Hacker News new | ask | show | jobs
by baix777 1939 days ago
The creation of integers doesn't scale for large data volumes. Plus you need a place to create these integers, and a failover location, which adds complexity. Multiple machines can each be creating their own guids in a very simple manner.

And the odds of a guid collision is extremely low, and for most applications is acceptable. Having worked with petabytes of data guid performance isn't really an issue as there are more important factors to worry about.

1 comments

> The creation of integers doesn't scale for large data volumes.

At which specific integer does the scaling start to slow down?

One concurrent insertion, or one network partition.

UUIDs can be generated on many machines with no awareness of each other and merged later.

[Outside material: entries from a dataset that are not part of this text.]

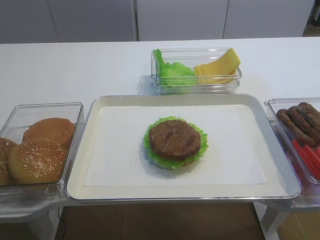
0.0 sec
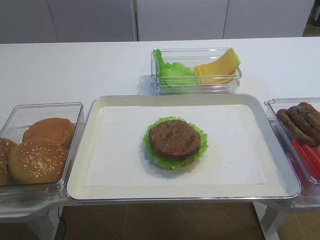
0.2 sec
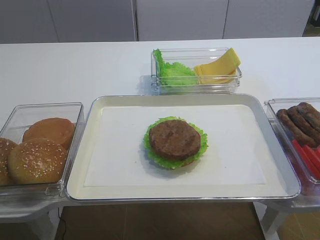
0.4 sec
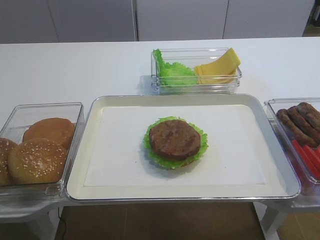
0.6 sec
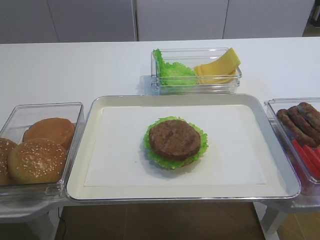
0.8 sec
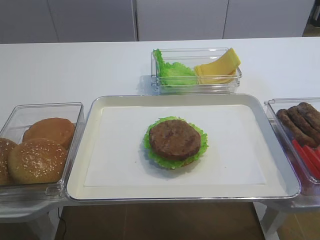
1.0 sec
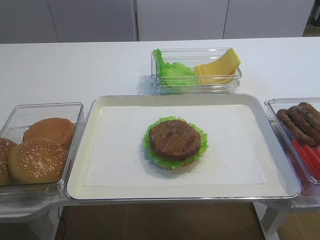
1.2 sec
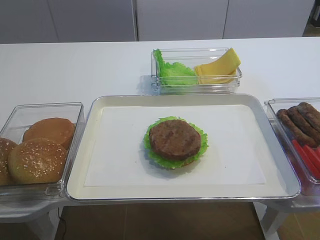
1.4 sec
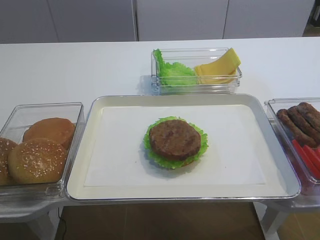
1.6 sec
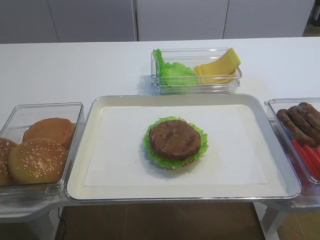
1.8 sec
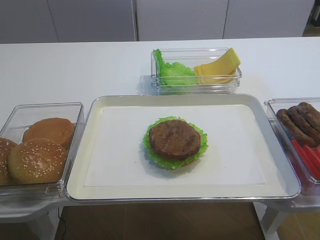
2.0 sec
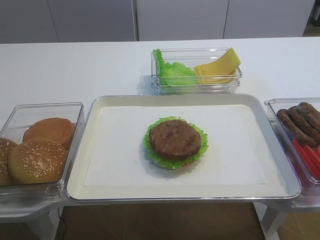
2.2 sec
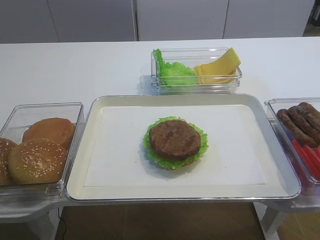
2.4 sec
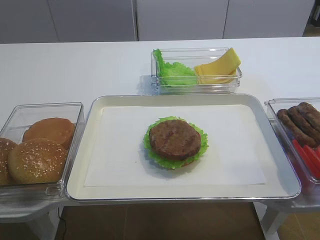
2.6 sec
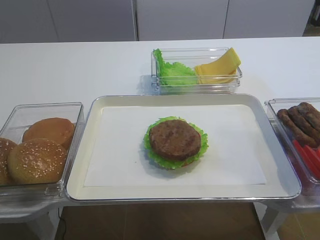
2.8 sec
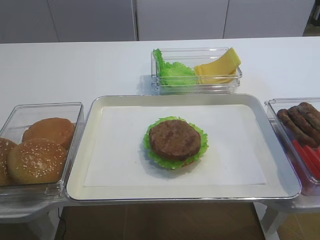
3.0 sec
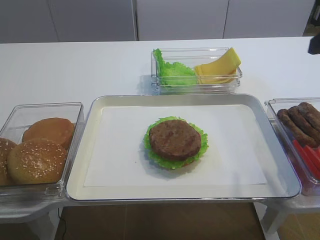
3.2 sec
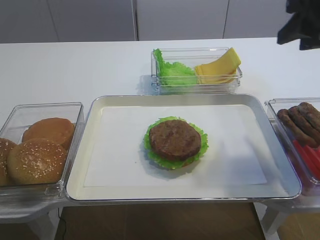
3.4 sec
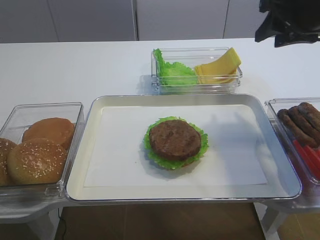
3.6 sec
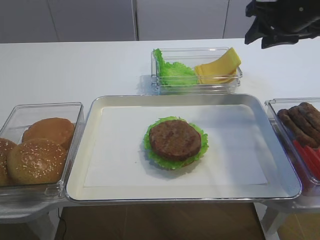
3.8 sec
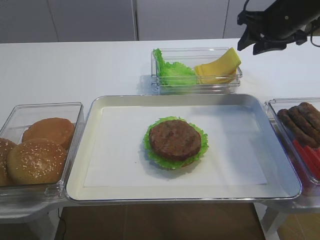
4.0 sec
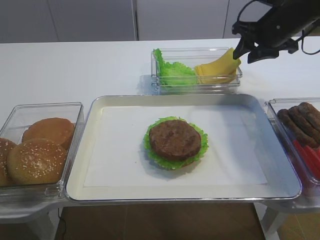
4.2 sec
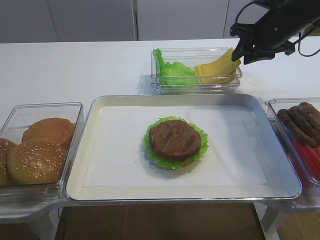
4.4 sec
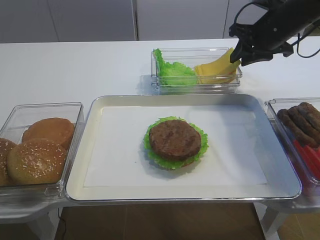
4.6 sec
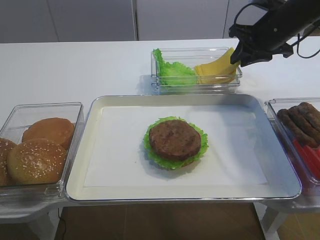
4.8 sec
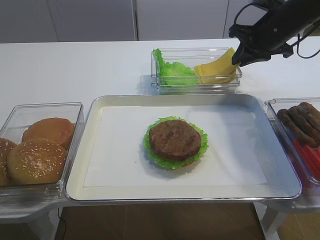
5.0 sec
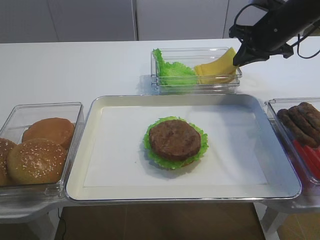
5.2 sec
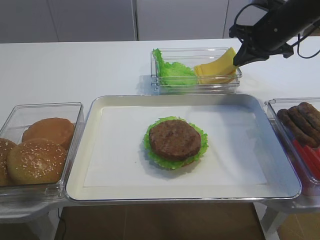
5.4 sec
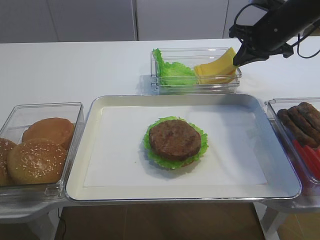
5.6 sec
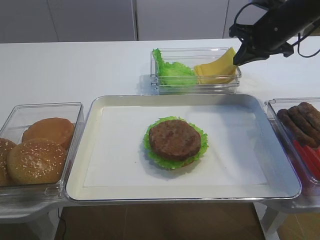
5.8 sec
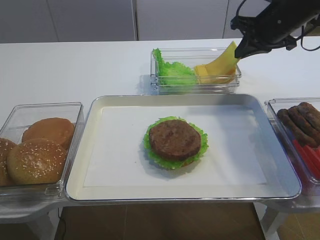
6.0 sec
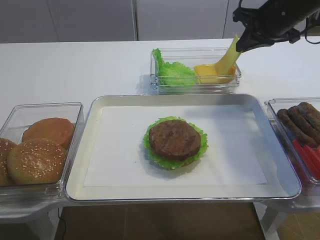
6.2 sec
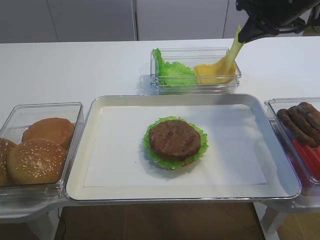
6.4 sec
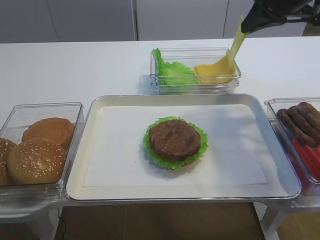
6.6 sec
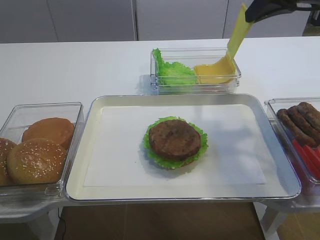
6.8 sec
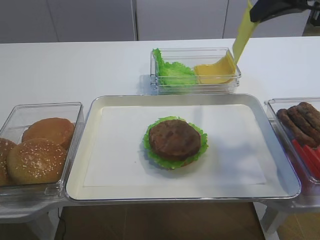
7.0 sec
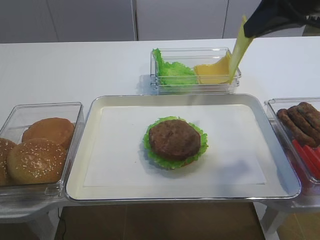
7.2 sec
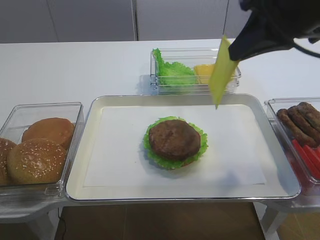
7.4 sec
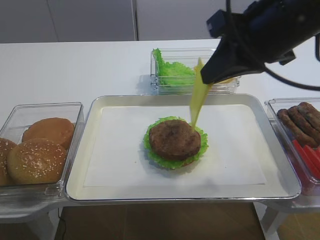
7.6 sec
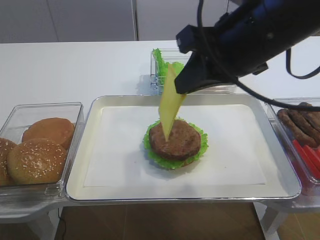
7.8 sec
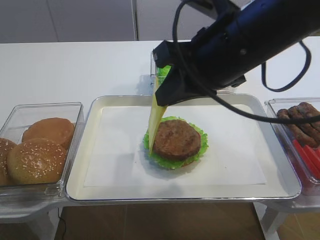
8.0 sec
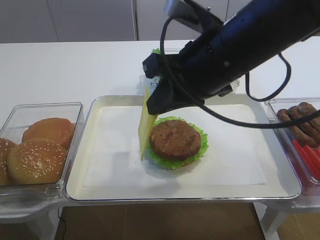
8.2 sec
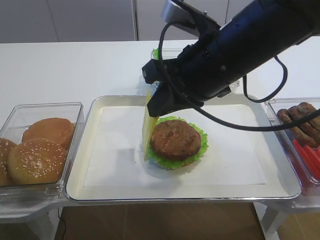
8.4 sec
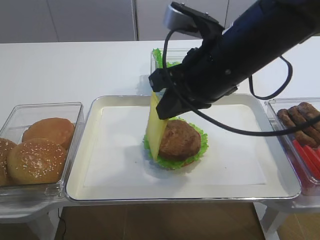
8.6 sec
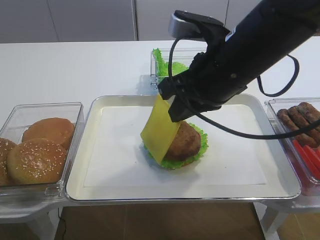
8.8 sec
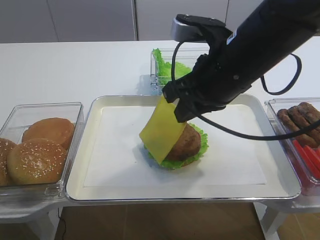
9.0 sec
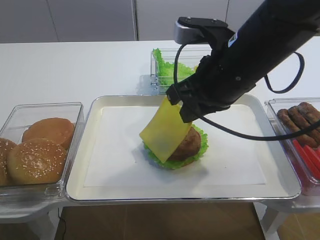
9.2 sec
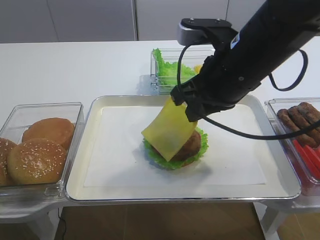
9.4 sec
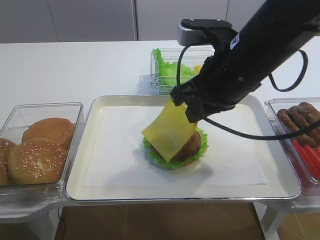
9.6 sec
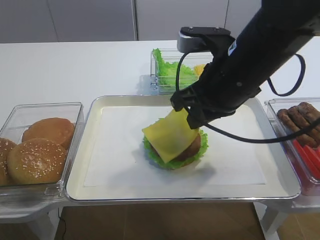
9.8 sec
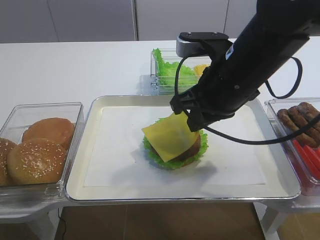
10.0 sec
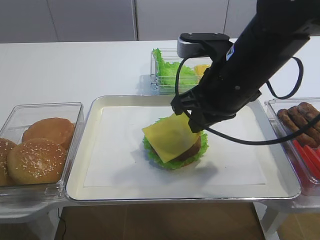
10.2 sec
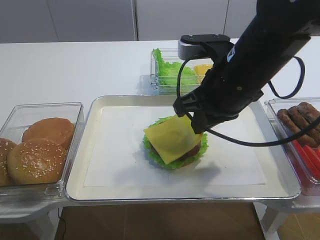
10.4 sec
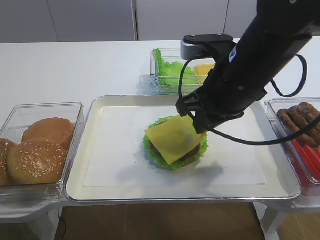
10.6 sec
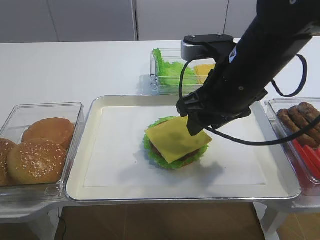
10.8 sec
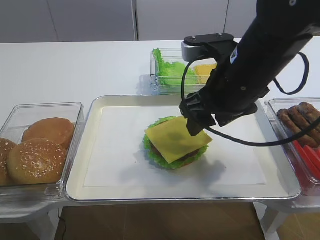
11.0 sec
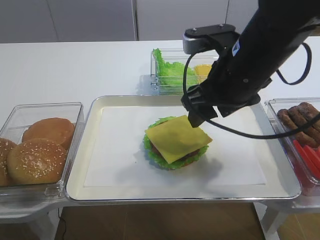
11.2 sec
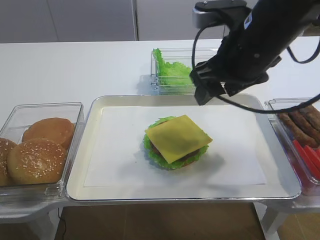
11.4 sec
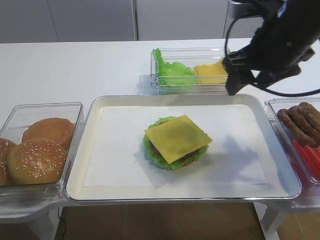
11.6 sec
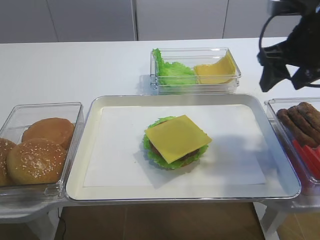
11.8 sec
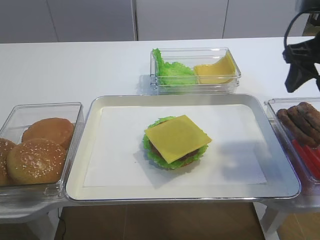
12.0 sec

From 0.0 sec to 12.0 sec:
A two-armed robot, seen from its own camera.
Step, from 0.0 sec to 6.0 sec: Pick up the cheese slice with the right gripper.
Step, from 6.2 sec to 11.0 sec: Place the cheese slice on the cutlet with the right gripper.
From 3.0 sec to 4.4 sec: The right gripper goes some 30 cm forward.
From 4.4 sec to 6.0 sec: The right gripper closes its fingers.
From 6.0 sec to 7.6 sec: The right gripper moves backward, upward and to the left, approximately 20 cm.
From 7.6 sec to 9.0 sec: The right gripper shifts some 10 cm downward and to the left.
From 9.0 sec to 10.4 sec: The grippers move only a little.
From 10.4 sec to 12.0 sec: The right gripper travels to the right by some 15 cm, and opens.

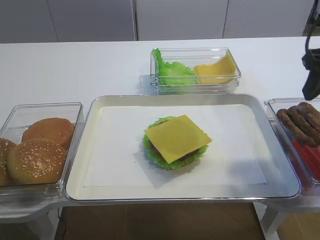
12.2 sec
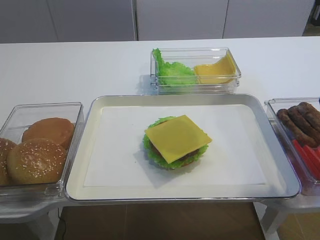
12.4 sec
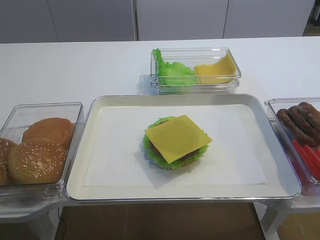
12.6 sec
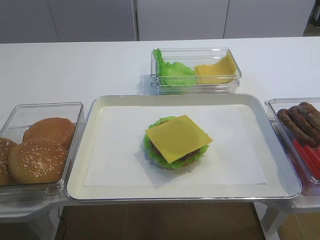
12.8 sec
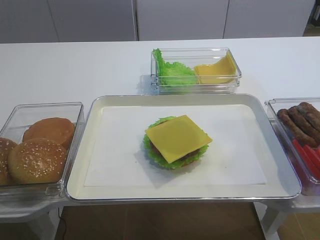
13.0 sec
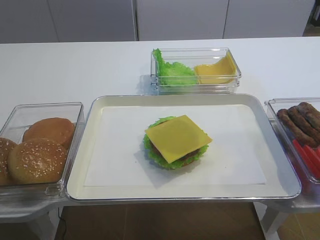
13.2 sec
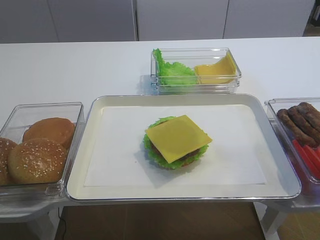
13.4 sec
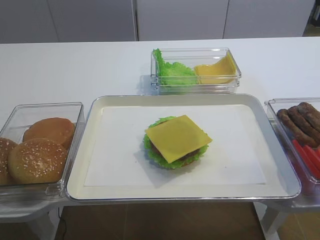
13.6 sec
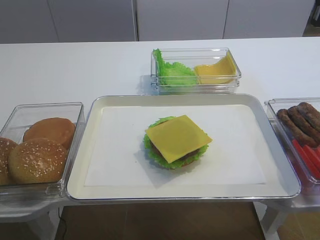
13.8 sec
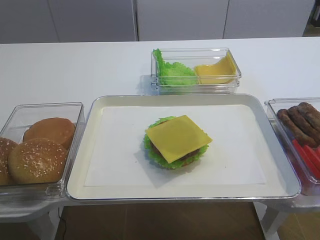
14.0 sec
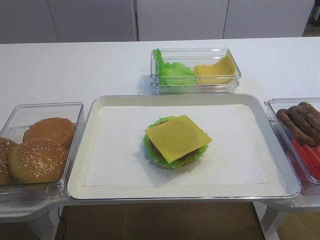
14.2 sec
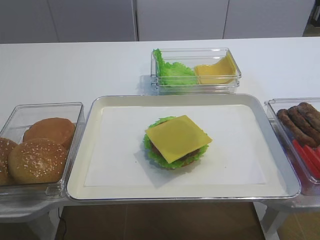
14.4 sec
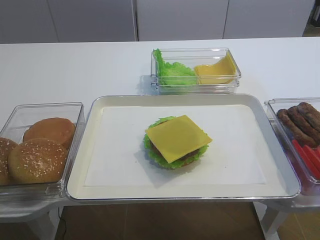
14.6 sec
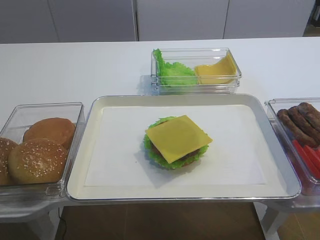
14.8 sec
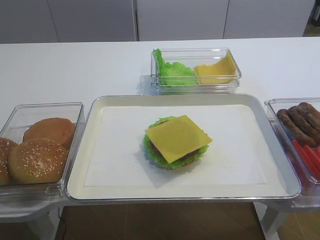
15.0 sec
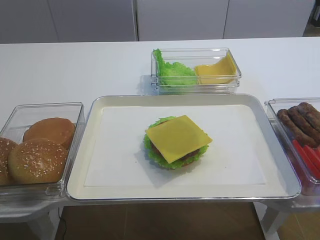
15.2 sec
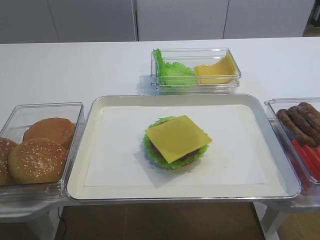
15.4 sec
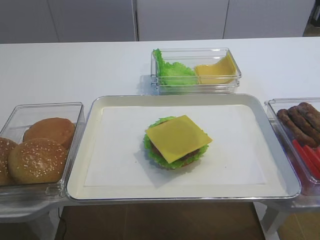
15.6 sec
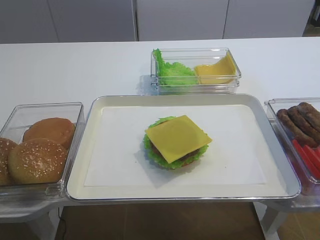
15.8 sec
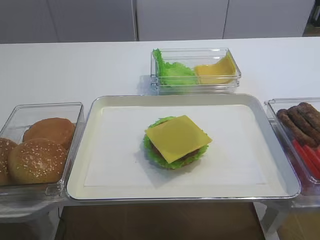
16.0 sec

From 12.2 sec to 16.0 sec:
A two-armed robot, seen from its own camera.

I would recommend reviewing my prior comments on this, as I address the concerns of multiple nodes needing to be able to independently produce identities without collisions or coordination.

If you know beforehand the maximum number of participants in your system, you can divide the keyspace across that quantity. If you are using BigInteger or equivalent, you have an infinite number of these things to work with, so it doesnt really matter if you wind up skipping trillions of identities at first. The original article even advocates for this as its first point, but without as much practical justification.

If you're going to use a key space in the trillions, and partitioned and sparsely populated rather than sequential... isn't that just reinventing what the UUID already is?

A UUID is just a 128-bit integer, with creation algorithms designed to partition that space by things that already have enough entropy to need no further synchronization.

What you're proposing sounds like roll-your-own-UUID, which might be similarly inadvisable as roll-your-own-crypto.

Don't try to compare this to rolling your own crypto. The stakes are nowhere near the same for IDs as for crypto, and the stakes are the defining feature of the "don't roll your own crypto" meme.
Yes I'm comparing it and you don't get to tell me I can't.

It's not about the stakes. It's the idea that in rolling your own, you're going to get it wrong, or otherwise do worse than existing ways that have already solved the same problem.